4 Oktober 2005, seluruh anggota Forum Kerjasama Antar Pemerintah Daerah Provinsi Kepulauan melaporkan pembentukan forum tersebut kepada Menteri Dalam Negeri Republik Indonesia. Dokumen pertama forum ini, diberi nama “masalah-masalah mendasar yang dihadapi oleh provinsi kepulauan” dan dokumen tersebut disampaikan kepada Menteri Dalam Negeri kahir bulan Okrober 2005.

15 Desember 2005, forum menyelenggarakan “Seminar Nasional Provinsi Kepulauan di Jakarta” dengan melibatkan unsure akademisi, pemerintah, LEMHANAS, DPR RI dan tokoh masyarakat.

21-22 April 2006, anggota forum bertemu di Pangkal Pinang Provinsi Kepulauan Bangka Belitung. Dan telah berhasil merumuskan formula DAU (dana alokasi umum) yang dikenal dengan “Formula DAU Pangkal Pinang”. Yakni cara menghitung DAU dengan memperhitungkan luas wilayah laut. Formula DAu Pangkal Pinang kemudian telah disampaikan oleh forum pada pertemuannya dengan Panitia NAggaran DPR RI setelah terlebih dahulu menyampaikannya dalam rapat APPSI tanggal 22-24 Mei 2006 di Mataram Provinsi Nusa Tenggara Barat dan mendapat dukungan dari 33 provinsi sesuai dokumen.

September 2006, tjuh gubernur dan ketua DPRD provinsi kepulauan bertemu dengan Presiden Republik Indonesia di Batam serta mendapat dukungannya setelah mendengarkan dan menerima langsung pemikiran dari forum. Pikiran-pikiran yang disampaikan kepada Presiden terumus dalam dokumen yang diberi nama “Model Pembangunan Provinsi Kepulauan”.
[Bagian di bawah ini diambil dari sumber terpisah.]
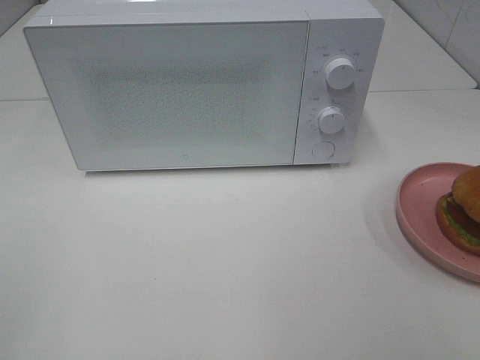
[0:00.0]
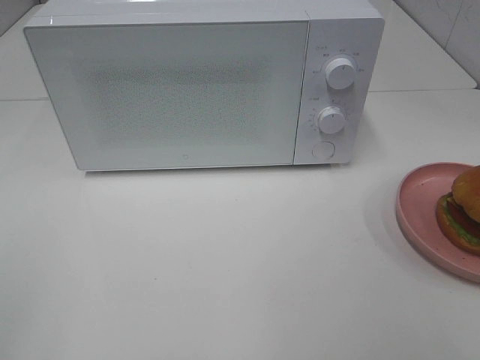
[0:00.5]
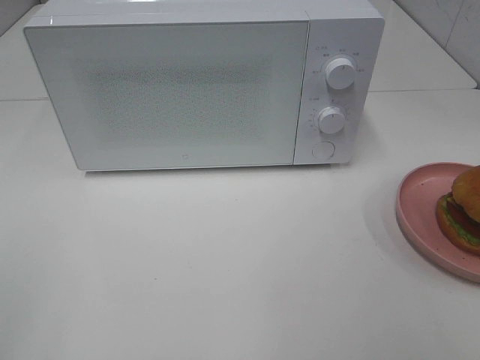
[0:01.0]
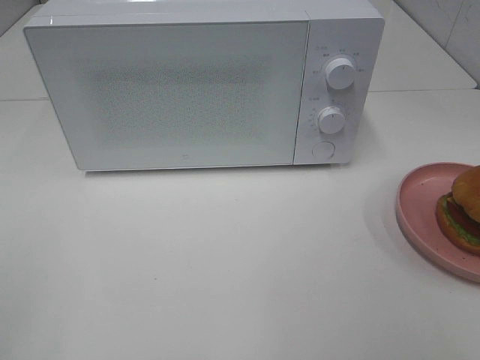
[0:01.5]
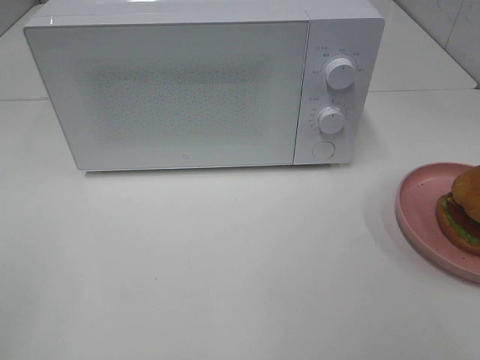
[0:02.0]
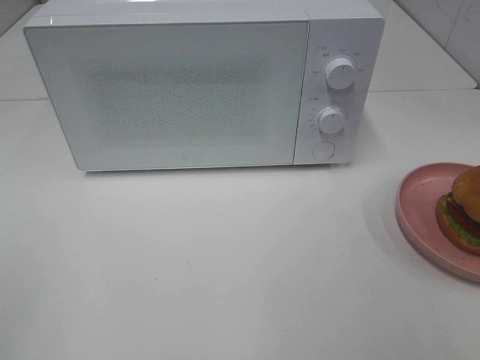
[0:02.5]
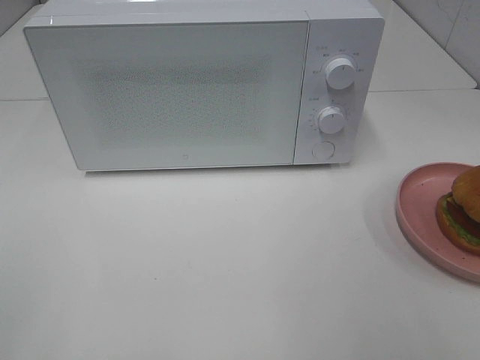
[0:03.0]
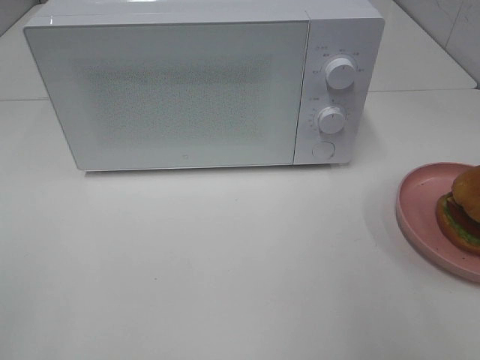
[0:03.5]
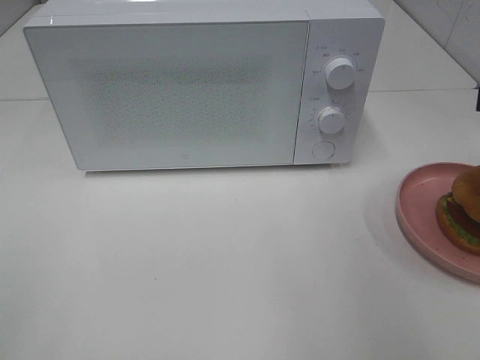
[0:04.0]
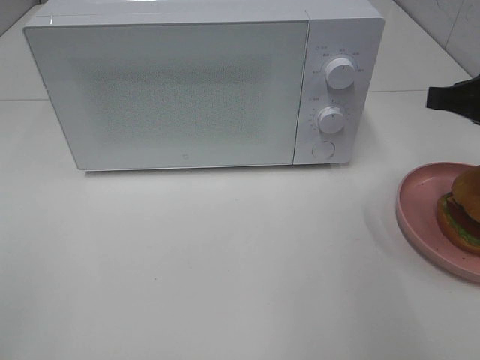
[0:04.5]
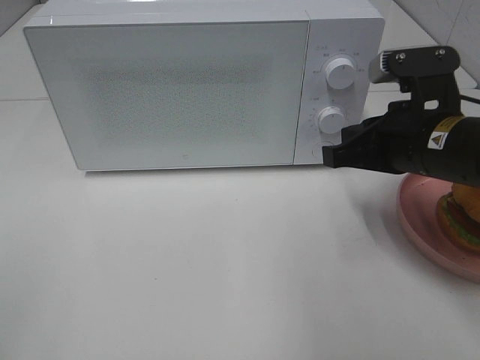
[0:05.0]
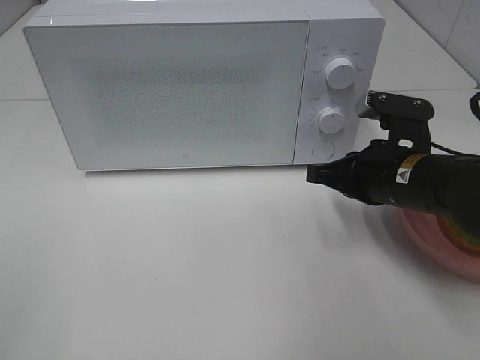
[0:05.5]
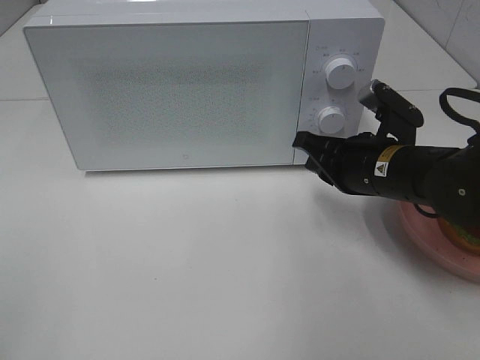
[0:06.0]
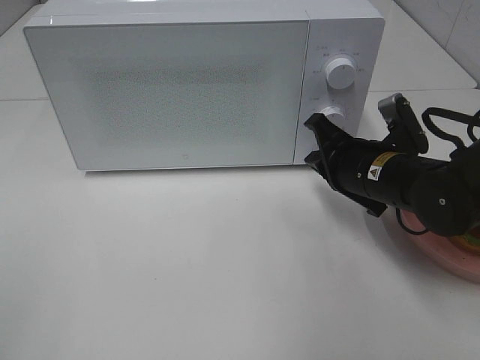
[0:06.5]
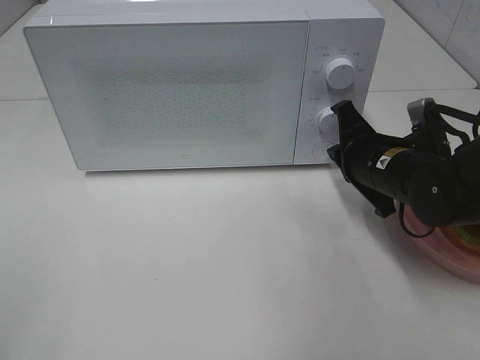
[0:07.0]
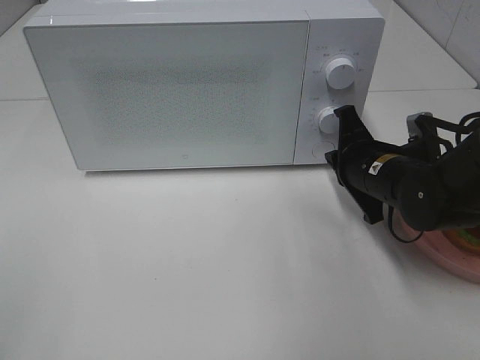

Pada tanggal 14-16 Juni 2007 di Manado Provinsi Sulawesi Utara, dilaksanakannya Rapat kerja, sekaligus penyelenggaraan kegiatan Expo dan Pementasan Seni Budaya tujuh provinsi kepulauan. Rapat kerja tersebut mengahsilkan “Kesepakatan Manado” yang pada dasarnya mengkritisi metode penghitungan luas wilayah serta formulasi DAU yang dirasakan belum memenuhi rasa keadilan bagi provinsi-provinsi kepualuan dengan didasarkan pada peraturan perundang-undangan yang berlaku.

Terakhir,pada bulan Januari 2009 telah dilaksanakannya Rapat Tahunan Tim Teknis tujuh provinsi kepulauan di ternate, Maluku Utara. Dalam pertemuan ini dihasilkan dua hal utama yaitu menubah nama “Forum Kerjasama Antar Pemerintah Daerah Provinsi Kepualuan” menjadi “Badan Kerjasama Antar Pemerintah Daerah Provinsi Kepualuan”. Serta menyepakati rumput laut sebagai komoditas unggulan yang akan dikembangkan secara bersama-sama.

Lima elemen utama kejayaan pembangunan maritime Indonesia, antara lain:

1. Wawasan kelautan.

2. Kedaulatan nyata dilaut.

3. Industri kelautan yang kuat.

4. Tata ruang kelautan yang benar.

5. Sistem hukum kelautan yang lengkap dan terpadu.

UU No.32 tahun 2004, tentang penentuan batas wilayah laut. UNCLOS 1982, UUD 1945 pasal 25 A.